Пим отвечал, что галстук этот он высмотрел в витрине лавки «Братьев Холл» на Хай-стрит.
— Знаешь, лучше спрячь его пока до лучших времен, а вытащишь, когда и вправду станешь членом этого клуба. — Он легонько потрепал Пима по плечу. — И если уж зашла речь о таких вещах, скажи лакею, чтобы пришил к этому пиджаку нормальные пуговицы. Ты ведь не хочешь, чтобы все считали тебя претендентом на венгерский престол, правда?

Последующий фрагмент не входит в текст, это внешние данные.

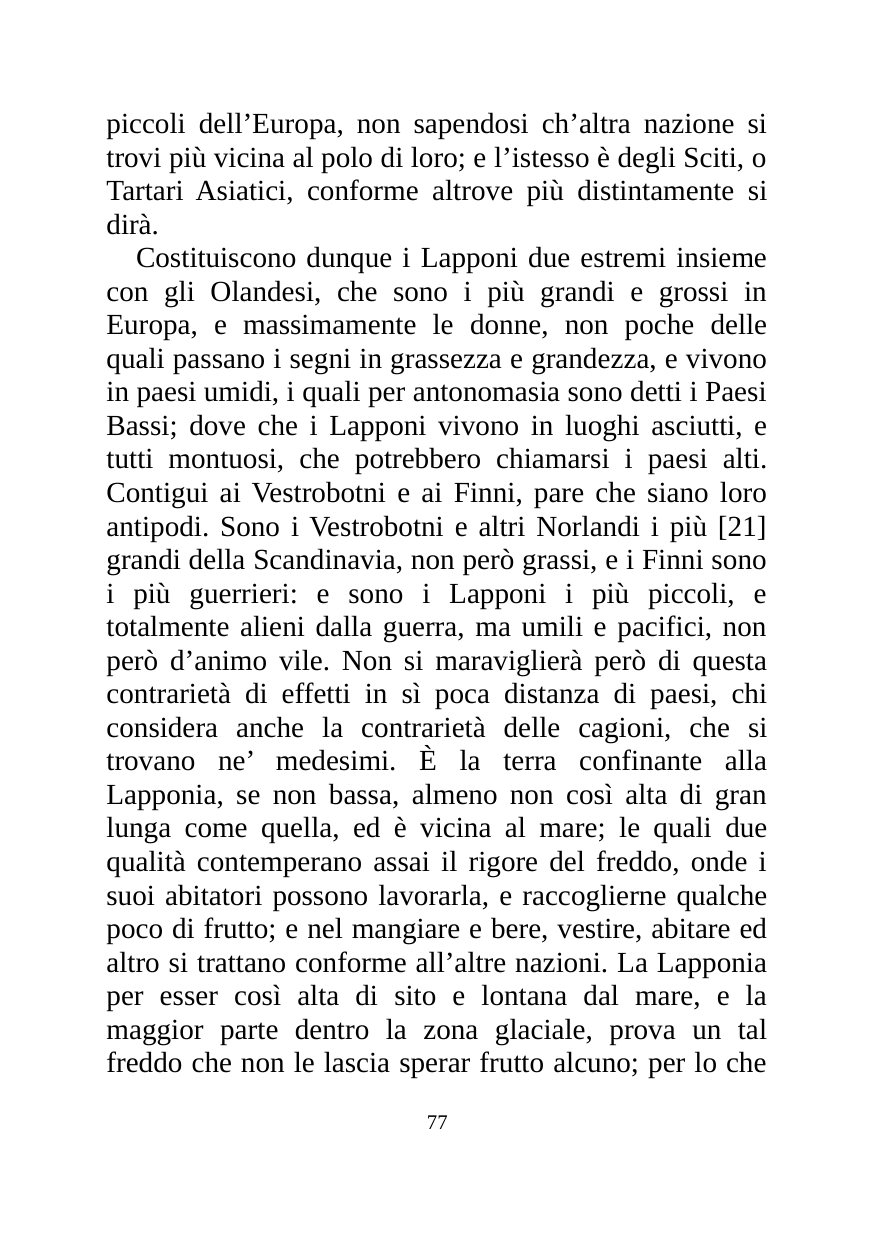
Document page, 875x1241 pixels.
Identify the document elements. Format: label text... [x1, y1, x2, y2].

И опять Пим готов был обнять весь мир, любить всех и вся, крайне стараясь отличиться и выделиться. Он вступал в студенческие корпорации, платя взносов больше, чем существовало клубов, и был секретарем не одного десятка обществ — от филателистов до сторонников эвтаназии. Он писал проникновенные статьи в университетские журналы, числился в группах поддержки некоторых выдающихся общественных деятелей, встречал их на вокзале, кормил их обедами за счет корпорации и препровождал в полупустые лекционные залы. Он защищал честь колледжа, играя в регби и крикет, гребя в восьмерке, напивался в баре родного колледжа, что же касается современного общественного устройства, он то цинично и беспочвенно ругал его, то вдруг, проявляя стойкий патриотизм, начинал его защищать в зависимости от того, кому случалось быть его собеседником. Со свежими силами бросился он в объятья германской музы, почти не смутившись тем, что в Оксфорде она оказалась веков на пять старше, чем в Берне, и что все относящееся к современности здесь почиталось ущербным. Он быстро преодолел разочарование. «Что ж, зато это класс, — говорил он себе. — Это академический уровень». И очень скоро он уже с головой ушел в сомнительные тексты средневековых менестрелей, отдаваясь им с той же самозабвенностью, какую раньше проявил по отношению к Томасу Манну. К концу первого семестра он с жаром штудировал средне- и древне- верхненемецкий. К концу второго мог декламировать Гильдебранда и воспроизводить куски из Библии по-готски в переводе епископа Улфилы, к вящему удовольствию небольшого кружка поклонников, толпившихся вокруг в баре. К середине третьего семестра его живейшим и столь редким для молодого человека увлечением стала сравнительная и теоретическая лингвистика. А когда после этого он перенесся в гибельный модернизм века XVII-го, то не без удовольствия доказал в двадцатичетырехстраничном трактате, каким выскочкой был Гриммельсгаузен — поэт, испортивший свое произведение дешевой назидательностью, человек, моральный облик которого весьма сомнителен, так как в Тридцатилетней войне он сражался на два фронта. В качестве завершающего удара он выдвинул тезис о том, что чрезмерное увлечение Гриммельсгаузена псевдонимами не позволяет нам с уверенностью говорить о нем как об авторе «Симплициссимуса».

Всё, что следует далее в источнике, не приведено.